## DESCRIPTION OF THE TASK
Up to and including the line with "Task: Find the list", reproduce the listing below exactly, beginning at its first line.
↓
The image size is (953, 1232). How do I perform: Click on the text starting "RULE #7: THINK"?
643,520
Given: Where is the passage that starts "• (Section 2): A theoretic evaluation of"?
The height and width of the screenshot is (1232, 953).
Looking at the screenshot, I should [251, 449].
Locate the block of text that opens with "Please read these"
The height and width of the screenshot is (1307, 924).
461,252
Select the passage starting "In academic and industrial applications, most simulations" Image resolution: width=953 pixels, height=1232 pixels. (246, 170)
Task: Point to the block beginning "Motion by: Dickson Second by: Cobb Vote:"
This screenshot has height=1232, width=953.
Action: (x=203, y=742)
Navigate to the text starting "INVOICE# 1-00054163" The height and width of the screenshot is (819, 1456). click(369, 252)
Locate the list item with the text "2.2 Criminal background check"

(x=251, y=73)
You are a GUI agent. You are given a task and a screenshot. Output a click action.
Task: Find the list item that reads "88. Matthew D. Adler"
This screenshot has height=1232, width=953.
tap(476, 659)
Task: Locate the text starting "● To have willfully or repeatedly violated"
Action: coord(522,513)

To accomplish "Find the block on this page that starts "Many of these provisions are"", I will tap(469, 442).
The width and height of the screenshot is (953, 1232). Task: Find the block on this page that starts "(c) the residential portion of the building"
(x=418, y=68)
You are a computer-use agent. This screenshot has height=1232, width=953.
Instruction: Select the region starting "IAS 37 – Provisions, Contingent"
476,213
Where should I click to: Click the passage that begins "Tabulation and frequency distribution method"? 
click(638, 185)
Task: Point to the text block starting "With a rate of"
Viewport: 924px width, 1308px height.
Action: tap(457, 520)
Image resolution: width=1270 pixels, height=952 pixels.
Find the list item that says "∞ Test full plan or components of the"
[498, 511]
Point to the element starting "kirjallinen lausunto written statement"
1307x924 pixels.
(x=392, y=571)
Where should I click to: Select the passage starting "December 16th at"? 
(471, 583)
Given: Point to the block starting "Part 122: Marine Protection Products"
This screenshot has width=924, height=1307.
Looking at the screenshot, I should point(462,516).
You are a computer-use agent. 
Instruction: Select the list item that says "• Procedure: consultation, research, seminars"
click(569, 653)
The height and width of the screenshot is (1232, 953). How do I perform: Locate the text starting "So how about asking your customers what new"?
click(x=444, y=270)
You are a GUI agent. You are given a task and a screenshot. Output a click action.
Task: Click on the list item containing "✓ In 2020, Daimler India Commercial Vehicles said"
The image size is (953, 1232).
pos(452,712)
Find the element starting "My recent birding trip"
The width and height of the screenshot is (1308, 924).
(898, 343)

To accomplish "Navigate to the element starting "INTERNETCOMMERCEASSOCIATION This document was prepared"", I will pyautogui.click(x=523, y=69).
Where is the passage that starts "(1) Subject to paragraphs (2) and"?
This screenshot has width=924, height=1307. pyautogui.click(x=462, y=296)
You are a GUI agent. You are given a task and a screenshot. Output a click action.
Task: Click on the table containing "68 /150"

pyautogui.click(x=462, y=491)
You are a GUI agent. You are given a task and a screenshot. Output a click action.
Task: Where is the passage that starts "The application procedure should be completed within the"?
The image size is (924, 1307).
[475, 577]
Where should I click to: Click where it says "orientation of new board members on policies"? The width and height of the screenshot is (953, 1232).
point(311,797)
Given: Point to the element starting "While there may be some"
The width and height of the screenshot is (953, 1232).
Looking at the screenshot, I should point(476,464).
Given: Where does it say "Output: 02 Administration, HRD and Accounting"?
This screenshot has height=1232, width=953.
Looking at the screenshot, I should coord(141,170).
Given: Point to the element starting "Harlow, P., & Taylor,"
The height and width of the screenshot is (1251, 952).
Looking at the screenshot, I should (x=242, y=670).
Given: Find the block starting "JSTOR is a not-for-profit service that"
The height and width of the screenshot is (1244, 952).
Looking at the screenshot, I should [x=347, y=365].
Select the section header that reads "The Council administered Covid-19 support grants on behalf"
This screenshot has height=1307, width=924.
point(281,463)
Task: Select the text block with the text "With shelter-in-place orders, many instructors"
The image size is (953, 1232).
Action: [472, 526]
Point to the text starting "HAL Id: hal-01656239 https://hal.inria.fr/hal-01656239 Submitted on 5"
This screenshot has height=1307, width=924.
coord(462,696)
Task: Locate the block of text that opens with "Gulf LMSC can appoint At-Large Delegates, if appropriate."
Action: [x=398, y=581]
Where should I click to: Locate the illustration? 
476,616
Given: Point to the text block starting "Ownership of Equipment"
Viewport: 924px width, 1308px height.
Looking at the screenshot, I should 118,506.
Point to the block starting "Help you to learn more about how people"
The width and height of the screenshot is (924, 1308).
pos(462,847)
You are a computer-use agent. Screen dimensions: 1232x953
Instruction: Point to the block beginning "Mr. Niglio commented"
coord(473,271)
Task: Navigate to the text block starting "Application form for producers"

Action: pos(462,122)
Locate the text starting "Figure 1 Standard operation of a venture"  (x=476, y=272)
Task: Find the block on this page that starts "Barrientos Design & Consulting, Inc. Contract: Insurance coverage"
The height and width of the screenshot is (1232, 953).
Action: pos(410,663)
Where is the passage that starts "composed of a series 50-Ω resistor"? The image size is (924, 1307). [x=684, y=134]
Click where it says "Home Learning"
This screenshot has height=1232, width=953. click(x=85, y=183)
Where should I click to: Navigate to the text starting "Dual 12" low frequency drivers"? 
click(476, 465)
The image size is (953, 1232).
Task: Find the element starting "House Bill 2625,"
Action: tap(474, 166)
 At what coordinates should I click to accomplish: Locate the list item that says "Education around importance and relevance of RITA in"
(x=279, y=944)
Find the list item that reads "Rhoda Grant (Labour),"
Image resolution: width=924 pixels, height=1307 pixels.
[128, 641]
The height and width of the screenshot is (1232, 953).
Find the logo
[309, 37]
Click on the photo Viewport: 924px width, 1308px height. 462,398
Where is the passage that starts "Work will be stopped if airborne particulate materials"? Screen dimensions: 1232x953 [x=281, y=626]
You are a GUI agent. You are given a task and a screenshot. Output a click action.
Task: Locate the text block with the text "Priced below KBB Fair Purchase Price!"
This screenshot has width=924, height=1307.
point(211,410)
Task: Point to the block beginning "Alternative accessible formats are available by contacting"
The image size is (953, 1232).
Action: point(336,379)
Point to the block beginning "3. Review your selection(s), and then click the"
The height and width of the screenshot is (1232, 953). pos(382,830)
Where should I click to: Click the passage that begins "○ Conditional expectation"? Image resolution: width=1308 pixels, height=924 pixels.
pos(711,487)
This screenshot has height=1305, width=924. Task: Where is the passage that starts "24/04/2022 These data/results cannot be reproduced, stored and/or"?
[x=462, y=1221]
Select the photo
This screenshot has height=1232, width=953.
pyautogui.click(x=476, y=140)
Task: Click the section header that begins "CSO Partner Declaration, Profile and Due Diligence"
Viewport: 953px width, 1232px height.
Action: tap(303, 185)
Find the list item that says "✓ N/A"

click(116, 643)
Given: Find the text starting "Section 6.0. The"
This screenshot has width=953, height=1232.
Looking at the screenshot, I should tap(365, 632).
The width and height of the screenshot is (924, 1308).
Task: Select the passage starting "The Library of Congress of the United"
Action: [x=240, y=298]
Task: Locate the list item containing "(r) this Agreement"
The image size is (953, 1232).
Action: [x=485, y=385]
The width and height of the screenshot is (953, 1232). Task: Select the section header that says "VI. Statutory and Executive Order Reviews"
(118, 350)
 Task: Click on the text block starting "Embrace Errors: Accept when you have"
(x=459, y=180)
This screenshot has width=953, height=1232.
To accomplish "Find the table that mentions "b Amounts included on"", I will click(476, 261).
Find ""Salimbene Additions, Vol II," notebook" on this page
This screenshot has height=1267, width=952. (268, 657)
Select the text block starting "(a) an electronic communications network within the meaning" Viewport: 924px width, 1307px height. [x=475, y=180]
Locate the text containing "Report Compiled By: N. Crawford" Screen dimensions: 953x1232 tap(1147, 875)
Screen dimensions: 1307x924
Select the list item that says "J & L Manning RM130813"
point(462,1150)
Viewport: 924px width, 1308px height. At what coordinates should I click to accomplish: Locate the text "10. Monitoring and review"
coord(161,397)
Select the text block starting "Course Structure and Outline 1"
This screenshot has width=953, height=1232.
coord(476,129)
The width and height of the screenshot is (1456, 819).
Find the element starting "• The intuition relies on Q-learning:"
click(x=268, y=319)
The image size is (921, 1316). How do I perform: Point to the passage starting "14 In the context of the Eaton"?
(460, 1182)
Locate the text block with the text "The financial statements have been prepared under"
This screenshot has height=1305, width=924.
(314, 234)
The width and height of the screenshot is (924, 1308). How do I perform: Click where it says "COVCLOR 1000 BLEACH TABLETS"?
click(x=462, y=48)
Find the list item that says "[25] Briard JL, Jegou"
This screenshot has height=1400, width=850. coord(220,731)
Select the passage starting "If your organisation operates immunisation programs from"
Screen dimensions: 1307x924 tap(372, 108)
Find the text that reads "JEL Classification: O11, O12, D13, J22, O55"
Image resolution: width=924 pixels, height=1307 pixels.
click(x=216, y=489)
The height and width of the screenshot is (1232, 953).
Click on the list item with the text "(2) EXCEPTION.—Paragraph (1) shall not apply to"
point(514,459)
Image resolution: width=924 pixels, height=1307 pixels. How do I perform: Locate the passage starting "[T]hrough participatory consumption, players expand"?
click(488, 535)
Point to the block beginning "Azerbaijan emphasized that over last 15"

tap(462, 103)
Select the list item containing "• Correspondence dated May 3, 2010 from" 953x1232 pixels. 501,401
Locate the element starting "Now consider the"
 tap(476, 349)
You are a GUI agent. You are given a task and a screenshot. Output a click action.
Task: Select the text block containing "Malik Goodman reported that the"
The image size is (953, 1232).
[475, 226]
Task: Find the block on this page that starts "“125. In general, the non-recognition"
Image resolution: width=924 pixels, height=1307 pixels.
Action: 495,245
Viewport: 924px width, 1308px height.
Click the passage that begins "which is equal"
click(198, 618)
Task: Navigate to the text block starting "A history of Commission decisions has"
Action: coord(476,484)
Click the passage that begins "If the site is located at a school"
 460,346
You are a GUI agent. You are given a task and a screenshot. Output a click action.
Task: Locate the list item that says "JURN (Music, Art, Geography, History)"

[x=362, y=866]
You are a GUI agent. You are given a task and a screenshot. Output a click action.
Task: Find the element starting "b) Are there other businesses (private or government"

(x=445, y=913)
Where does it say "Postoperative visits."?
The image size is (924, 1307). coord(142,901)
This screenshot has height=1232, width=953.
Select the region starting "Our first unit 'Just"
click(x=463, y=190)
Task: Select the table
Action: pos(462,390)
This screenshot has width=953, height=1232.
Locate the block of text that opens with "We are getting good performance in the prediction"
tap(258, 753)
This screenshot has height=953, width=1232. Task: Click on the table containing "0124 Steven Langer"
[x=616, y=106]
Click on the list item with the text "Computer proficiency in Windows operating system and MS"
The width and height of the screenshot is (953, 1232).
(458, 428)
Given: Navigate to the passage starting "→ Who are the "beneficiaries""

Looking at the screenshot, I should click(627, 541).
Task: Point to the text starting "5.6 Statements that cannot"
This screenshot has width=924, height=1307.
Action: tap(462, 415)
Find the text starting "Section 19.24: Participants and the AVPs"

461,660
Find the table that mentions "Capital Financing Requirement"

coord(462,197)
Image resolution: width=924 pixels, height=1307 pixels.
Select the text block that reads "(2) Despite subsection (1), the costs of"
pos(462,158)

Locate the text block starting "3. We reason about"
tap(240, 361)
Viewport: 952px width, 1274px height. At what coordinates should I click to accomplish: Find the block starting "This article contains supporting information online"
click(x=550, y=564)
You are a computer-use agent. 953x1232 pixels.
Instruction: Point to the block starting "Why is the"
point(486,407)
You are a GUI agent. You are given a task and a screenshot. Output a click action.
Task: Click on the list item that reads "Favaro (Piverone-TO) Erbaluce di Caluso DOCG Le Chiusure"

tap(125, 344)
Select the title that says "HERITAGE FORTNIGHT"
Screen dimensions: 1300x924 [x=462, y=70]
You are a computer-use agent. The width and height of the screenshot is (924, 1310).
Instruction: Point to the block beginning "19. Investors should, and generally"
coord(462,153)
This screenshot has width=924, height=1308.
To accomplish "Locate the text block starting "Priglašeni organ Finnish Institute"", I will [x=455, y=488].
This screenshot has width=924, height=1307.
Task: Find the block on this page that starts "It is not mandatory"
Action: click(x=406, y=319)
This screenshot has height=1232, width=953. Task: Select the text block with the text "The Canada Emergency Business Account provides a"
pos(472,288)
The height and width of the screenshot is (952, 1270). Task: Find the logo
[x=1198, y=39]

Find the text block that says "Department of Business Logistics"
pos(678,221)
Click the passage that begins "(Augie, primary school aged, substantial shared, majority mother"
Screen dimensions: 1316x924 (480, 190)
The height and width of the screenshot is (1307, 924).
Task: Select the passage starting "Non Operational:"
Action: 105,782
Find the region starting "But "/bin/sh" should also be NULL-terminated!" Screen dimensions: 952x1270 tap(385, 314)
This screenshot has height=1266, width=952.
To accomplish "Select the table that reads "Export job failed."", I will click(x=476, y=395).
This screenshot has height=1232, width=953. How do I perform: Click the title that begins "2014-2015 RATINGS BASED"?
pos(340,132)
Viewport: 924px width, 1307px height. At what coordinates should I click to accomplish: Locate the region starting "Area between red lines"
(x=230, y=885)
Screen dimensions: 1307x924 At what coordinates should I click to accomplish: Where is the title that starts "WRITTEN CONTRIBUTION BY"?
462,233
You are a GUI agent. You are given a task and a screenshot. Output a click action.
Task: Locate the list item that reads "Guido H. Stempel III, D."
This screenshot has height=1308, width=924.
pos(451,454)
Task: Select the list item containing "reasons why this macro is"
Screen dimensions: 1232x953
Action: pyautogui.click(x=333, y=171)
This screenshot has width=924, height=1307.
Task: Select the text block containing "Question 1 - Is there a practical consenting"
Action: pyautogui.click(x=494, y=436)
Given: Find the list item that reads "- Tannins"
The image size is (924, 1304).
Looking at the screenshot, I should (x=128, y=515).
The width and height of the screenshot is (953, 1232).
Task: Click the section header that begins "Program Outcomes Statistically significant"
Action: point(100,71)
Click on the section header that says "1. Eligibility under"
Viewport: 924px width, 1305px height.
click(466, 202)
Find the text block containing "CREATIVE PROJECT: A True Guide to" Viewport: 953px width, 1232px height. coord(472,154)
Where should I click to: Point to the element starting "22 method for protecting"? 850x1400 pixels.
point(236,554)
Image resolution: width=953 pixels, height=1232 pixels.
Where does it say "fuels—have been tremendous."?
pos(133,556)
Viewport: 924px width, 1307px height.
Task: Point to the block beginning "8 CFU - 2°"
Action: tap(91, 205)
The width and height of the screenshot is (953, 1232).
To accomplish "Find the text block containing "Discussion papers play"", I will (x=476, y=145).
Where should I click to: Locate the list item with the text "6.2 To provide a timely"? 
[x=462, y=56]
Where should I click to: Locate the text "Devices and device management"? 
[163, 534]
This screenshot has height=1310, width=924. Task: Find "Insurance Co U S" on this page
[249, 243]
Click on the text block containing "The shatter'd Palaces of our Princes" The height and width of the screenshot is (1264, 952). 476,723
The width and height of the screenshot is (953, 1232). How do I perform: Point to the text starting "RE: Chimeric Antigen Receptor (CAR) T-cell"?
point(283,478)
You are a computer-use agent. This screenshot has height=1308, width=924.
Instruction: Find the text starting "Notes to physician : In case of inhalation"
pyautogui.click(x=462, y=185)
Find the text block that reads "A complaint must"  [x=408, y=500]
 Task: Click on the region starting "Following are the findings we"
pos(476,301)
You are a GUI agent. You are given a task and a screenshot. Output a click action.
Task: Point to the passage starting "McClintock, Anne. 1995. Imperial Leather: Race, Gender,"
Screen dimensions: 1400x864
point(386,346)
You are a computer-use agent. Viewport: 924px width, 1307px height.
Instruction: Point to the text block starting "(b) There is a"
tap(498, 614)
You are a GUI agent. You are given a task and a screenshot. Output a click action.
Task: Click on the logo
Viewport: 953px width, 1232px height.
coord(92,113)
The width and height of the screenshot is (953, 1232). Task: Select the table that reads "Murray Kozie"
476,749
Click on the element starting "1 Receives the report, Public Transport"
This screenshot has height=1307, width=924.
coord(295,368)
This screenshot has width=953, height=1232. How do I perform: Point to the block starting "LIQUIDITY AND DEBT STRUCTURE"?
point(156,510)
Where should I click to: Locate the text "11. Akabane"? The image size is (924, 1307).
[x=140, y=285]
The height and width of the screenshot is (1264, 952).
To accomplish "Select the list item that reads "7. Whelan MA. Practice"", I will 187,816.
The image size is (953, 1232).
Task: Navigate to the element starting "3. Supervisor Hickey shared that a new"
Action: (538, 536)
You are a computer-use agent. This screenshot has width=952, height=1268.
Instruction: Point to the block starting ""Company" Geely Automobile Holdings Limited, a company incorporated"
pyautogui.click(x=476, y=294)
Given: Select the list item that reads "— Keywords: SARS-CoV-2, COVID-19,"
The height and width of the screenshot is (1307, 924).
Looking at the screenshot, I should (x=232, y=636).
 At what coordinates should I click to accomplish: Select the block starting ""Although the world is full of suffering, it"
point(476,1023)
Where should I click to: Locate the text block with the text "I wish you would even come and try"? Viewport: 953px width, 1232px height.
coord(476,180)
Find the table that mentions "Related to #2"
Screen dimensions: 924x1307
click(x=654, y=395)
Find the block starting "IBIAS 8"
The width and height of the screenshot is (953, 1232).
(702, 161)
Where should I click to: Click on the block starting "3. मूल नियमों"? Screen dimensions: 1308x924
↑
## ANSWER BOX
The image size is (953, 1232). How do I perform: Click on the text starting "RULE #7: THINK"?
643,520
Given: Where is the passage that starts "• (Section 2): A theoretic evaluation of"?
The height and width of the screenshot is (1232, 953).
Looking at the screenshot, I should [251, 449].
Locate the block of text that opens with "Please read these"
The height and width of the screenshot is (1307, 924).
461,252
Select the passage starting "In academic and industrial applications, most simulations" Image resolution: width=953 pixels, height=1232 pixels. (246, 170)
Task: Point to the block beginning "Motion by: Dickson Second by: Cobb Vote:"
This screenshot has height=1232, width=953.
Action: (x=203, y=742)
Navigate to the text starting "INVOICE# 1-00054163" The height and width of the screenshot is (819, 1456). click(369, 252)
Locate the list item with the text "2.2 Criminal background check"

(x=251, y=73)
You are a GUI agent. You are given a task and a screenshot. Output a click action.
Task: Find the list item that reads "88. Matthew D. Adler"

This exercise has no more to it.